Host Debug Features

C Library Call Interception

When compiling for Host, LLVM will sometimes insert calls to standard library functions. This might include calls to memcpy() when data is copied between OpenCL address spaces, __chkstk() on Windows to ensure enough stack memory has been paged in, or __floatdidf() on 32-Bit Arm to perform division in software. In the case of an offline-compiled kernel, calls to these functions are stored as relocations in the kernel’s ELF file, and the addresses of the functions in memory are only filled in when the ELF file is loaded to be executed. A useful side-effect of performing relocations is that it’s possible to provide non-standard implementations of these functions to aid debugging.

Note

Calls to C library functions are quite rare in UnitCL, and their presence is fragile. It is difficult to predict whether a given LLVM option or pass will generate or remove a call to a library function. Intercepting C library calls is therefore only useful for debugging a small subset of bugs, but for those bugs it is invaluable.

The addresses of library functions are stored in relocs in modules/mux/targets/host/source/executable.cpp. In Debug builds, calls to memcpy() and memset() are intercepted by default and directed to dbg_memcpy() and dbg_memset(). The debug versions of these functions perform rudimentary out-of-bounds access checks.

Note

As of this writing (2020-03-31), no UnitCL kernel calls memset().

Tutorial: Inspecting a memcpy() Call

memcpy() calls normally end up calling an optimized, vectorized implementation in libc. Even if you do manage to find debug symbols for it, good luck figuring out what’s going on. In the oneAPI Construction Kit Debu builds, offline-compiled kernels will call into dbg_memcpy() instead. dbg_memcpy() can be inspected with GDB. For example:

gdb --args ./bin/UnitCL --gtest_filter=OfflineExecution*Regression_90*
(gdb) b dbg_memcpy
run

How to: Intercept a Function

The replacement standard library functions are in an anonymous namespace in modules/mux/targets/host/source/executable.cpp. Simply add the new function to this namespace, and then add the function’s name and address to relocs.

Note

It is only possible to intercept functions that are called by offline kernels. If an offline kernel calls a function for which a relocation does not exist, then the kernel will seg fault. Consequently, if an offline kernel can run, then all the library functions it needs are already in relocs, and those are the only functions that can be intercepted.

Warning

The compiler does not check that the intercepting function has the same signature as the function it’s replacing. Make sure that the signatures match.

Explanation

Offline-compiled kernel binaries contain relocations at function call sites. A relocation is just a relative or absolute hardware jump instruction with a blank target address. When the oneAPI Construction Kit loads the binary, it writes the address of the function into the jump instruction (after possibly doing some math onthe address). This is why relocs stores function addresses as uint64_t types — the bytes of the address may just be written directly into a binary executable.

Warning

Since library function call interception happens on the binary level of a compiled kernel, all of the normal protections offered by compilers are gone. There is no function prototype checking. The compiler is not able to check that the target address you have provided is even a valid function entry point. If somehow the OpenCL kernel and the oneAPI Construction Kit use a different calling convention, then you’re on your own.

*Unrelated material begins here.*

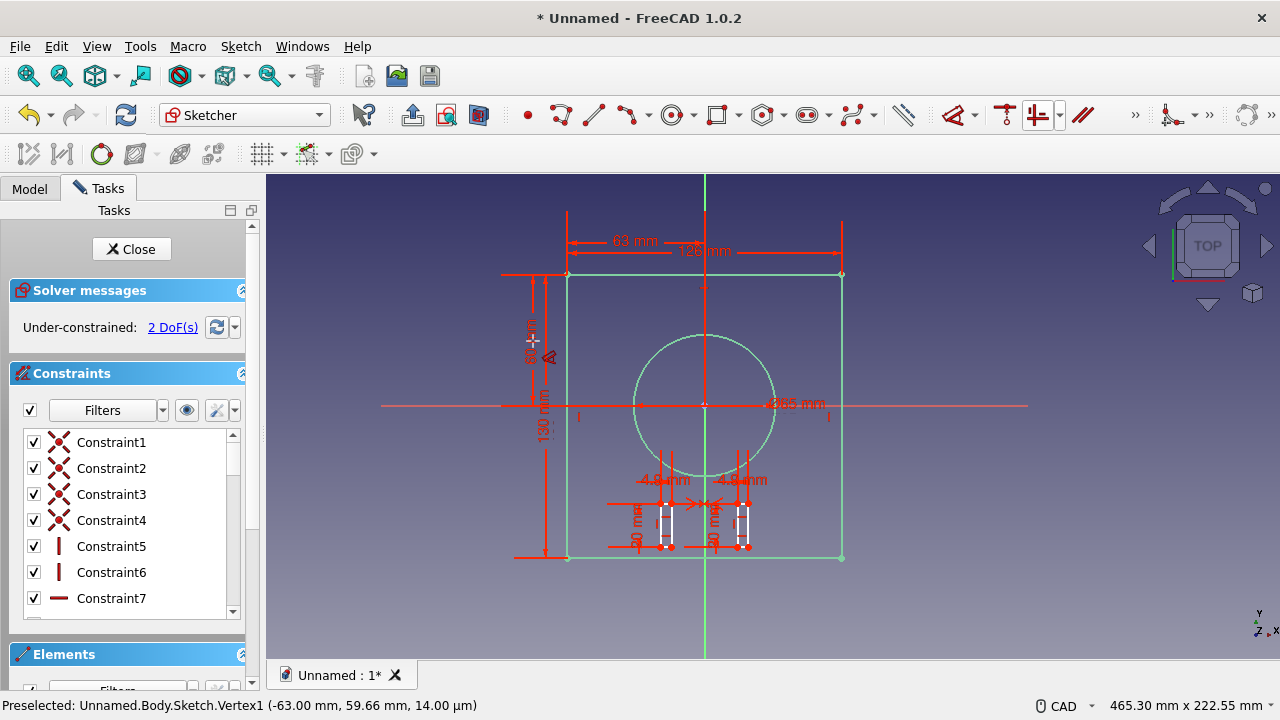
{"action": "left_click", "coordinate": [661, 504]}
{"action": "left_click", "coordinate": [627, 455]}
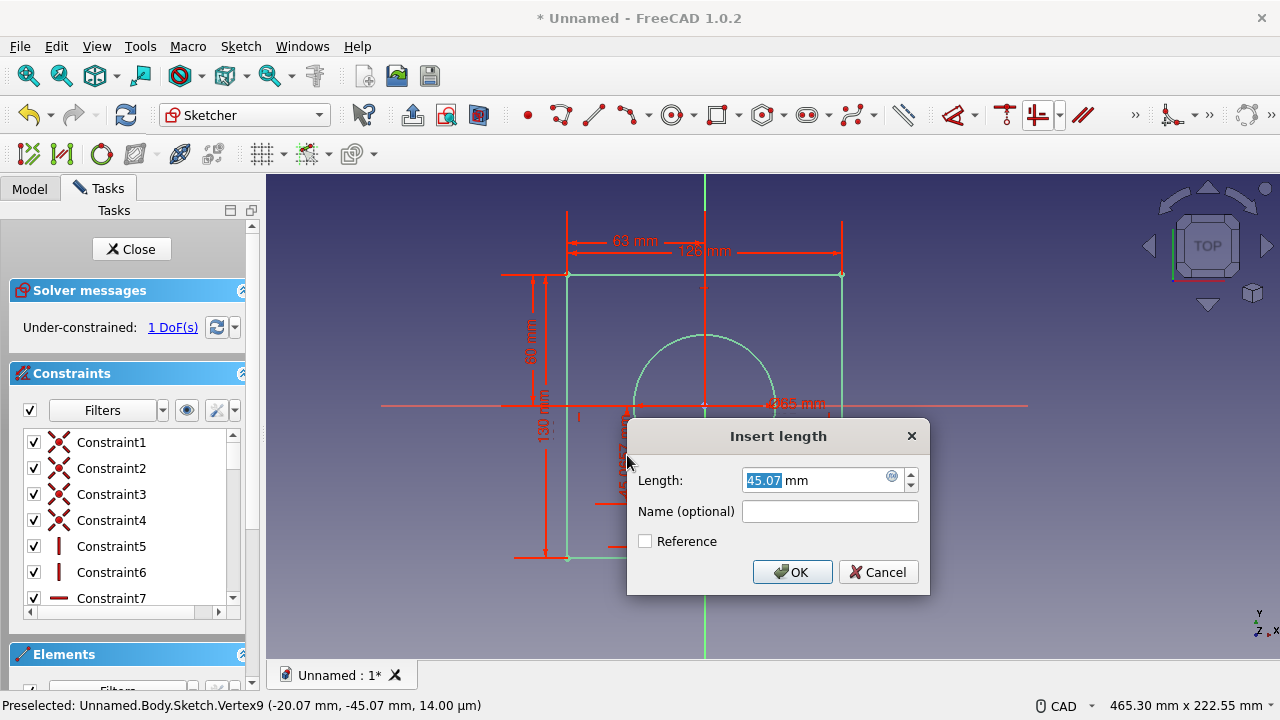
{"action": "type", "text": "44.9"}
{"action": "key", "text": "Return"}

Relocations are requested by function name by the ELF file stored inside an offline-compiled kernel. Adding new entries into relocs will not affect existing kernels, because existing kernels do not request those relocations. If a relocation is requested that does not exist in relocs, then the ELF loader will report and error.

On Arm32, the Host target (modules/compiler/targets/host/source/target.cpp) enables various hardware math features (e.g., features.push_back("+hwdiv");). If these features are not enabled, then LLVM will emit calls to library functions instead, and these calls will then need to be added to relocs in the same way as __floatdidf(). Intercepting these calls could potentially be a means of debugging math functions on Arm32.

dbg_memcpy() attempts to read all the source memory before copying it. Both dbg_memcpy() and dbg_memset() attempt to zero out the destination memory before writing data to it. The reads and writes provide a rudimentary bounds checking; if either fails, then the oneAPI Construction Kit will abort with a descriptive error.

Warning

dbg_memcpy() and dbg_memset() can only catch out-of-bounds reads and writes that access memory outside of the oneAPI Construction Kit’s address space. I.e., either function call must go horribly wrong before the illegal access is caught. It is trivial for a kernel calling memcpy() to completely clobber the oneAPI Construction Kit’s owned memory, and dbg_memcpy() cannot prevent that.